**Task requirements**
After locating the line with "Answer in list", retype it and every later line exactly, stopping at the end of the records.

Records drawn from a dataset:
- Opening Delimiter -
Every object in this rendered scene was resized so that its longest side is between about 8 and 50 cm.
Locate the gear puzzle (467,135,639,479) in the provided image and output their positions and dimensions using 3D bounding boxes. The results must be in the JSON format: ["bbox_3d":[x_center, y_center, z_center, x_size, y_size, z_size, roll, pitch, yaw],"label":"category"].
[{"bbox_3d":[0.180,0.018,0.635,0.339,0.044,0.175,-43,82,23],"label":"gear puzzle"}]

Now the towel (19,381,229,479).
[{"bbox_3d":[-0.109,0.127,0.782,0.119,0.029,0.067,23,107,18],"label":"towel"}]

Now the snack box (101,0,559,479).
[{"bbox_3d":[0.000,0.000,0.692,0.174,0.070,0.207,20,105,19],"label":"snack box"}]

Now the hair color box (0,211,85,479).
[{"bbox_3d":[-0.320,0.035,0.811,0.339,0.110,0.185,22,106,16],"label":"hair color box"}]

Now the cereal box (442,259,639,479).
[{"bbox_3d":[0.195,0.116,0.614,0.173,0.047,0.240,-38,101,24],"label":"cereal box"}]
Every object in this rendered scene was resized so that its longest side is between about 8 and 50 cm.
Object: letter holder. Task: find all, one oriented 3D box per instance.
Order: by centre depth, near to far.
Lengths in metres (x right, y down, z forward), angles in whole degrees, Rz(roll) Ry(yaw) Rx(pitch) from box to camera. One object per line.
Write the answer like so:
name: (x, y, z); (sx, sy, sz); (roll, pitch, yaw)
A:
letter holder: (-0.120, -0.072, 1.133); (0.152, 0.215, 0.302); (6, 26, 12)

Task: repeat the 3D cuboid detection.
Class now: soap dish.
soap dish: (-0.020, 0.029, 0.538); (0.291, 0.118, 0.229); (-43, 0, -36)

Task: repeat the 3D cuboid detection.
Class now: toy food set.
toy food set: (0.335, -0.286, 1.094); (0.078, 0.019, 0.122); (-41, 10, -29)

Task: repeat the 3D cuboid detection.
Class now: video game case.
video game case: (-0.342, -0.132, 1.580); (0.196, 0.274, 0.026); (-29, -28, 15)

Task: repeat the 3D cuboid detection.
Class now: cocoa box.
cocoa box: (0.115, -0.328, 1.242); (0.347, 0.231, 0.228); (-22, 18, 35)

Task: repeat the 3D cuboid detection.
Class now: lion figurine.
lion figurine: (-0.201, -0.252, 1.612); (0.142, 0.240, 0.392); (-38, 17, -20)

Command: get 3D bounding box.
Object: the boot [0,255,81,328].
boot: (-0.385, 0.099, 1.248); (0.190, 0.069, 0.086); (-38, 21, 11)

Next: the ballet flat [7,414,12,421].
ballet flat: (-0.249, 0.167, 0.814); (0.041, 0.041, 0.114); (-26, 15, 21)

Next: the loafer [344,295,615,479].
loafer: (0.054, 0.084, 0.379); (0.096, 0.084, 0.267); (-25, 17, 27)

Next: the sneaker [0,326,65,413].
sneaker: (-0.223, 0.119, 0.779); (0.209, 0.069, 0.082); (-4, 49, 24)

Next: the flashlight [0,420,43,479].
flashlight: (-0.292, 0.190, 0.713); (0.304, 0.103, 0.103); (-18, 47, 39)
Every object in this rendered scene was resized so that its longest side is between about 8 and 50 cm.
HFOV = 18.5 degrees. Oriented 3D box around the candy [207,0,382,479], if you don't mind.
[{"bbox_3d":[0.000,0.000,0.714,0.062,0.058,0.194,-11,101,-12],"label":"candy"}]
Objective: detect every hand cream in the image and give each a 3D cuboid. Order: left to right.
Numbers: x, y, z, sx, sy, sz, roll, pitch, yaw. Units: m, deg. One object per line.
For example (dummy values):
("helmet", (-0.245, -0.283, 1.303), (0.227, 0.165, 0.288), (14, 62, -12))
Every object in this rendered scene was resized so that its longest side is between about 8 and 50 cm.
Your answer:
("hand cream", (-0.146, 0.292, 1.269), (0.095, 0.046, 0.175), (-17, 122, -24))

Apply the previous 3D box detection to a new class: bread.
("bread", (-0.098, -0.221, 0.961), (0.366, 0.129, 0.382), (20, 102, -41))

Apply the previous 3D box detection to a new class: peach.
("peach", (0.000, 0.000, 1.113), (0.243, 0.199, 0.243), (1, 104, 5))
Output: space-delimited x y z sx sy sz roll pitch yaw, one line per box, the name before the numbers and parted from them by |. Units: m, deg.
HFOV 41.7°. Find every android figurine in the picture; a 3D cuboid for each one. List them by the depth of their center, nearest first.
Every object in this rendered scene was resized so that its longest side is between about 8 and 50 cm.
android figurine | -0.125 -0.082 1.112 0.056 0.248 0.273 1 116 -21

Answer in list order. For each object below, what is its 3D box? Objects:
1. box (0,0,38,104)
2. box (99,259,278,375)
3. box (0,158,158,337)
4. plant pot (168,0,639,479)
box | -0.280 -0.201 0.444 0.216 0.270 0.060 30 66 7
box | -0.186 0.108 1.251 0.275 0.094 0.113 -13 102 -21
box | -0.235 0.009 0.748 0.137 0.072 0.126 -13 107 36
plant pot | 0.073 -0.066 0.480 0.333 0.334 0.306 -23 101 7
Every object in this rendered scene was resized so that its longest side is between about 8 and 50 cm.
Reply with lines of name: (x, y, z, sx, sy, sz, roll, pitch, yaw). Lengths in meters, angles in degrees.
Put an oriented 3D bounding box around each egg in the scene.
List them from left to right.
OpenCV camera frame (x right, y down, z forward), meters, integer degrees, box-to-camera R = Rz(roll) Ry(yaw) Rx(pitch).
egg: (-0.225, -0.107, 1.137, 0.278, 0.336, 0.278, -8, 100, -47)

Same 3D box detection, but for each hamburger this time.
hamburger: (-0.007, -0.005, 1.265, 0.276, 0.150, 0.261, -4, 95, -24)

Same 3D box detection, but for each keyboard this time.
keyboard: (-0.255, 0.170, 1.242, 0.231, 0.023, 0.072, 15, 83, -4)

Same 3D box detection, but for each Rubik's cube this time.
- Closing Delimiter -
**The completed task**
Answer in list order. For each object below, what is its 3D box? Objects:
1. box (0,0,38,104)
2. box (99,259,278,375)
3. box (0,158,158,337)
4. plant pot (168,0,639,479)
box | -0.280 -0.201 0.444 0.216 0.270 0.060 30 66 7
box | -0.186 0.108 1.251 0.275 0.094 0.113 -13 102 -21
box | -0.235 0.009 0.748 0.137 0.072 0.126 -13 107 36
plant pot | 0.073 -0.066 0.480 0.333 0.334 0.306 -23 101 7
Every object in this rendered scene was resized so that its longest side is between about 8 and 50 cm.
Reply with lines of name: (x, y, z, sx, sy, sz, roll, pitch, yaw). Lengths in meters, angles in degrees.
Put an oriented 3D bounding box around each egg in the scene.
List them from left to right.
OpenCV camera frame (x right, y down, z forward), meters, integer degrees, box-to-camera R = Rz(roll) Ry(yaw) Rx(pitch).
egg: (-0.225, -0.107, 1.137, 0.278, 0.336, 0.278, -8, 100, -47)

Same 3D box detection, but for each hamburger this time.
hamburger: (-0.007, -0.005, 1.265, 0.276, 0.150, 0.261, -4, 95, -24)

Same 3D box detection, but for each keyboard this time.
keyboard: (-0.255, 0.170, 1.242, 0.231, 0.023, 0.072, 15, 83, -4)

Same 3D box detection, but for each Rubik's cube this time.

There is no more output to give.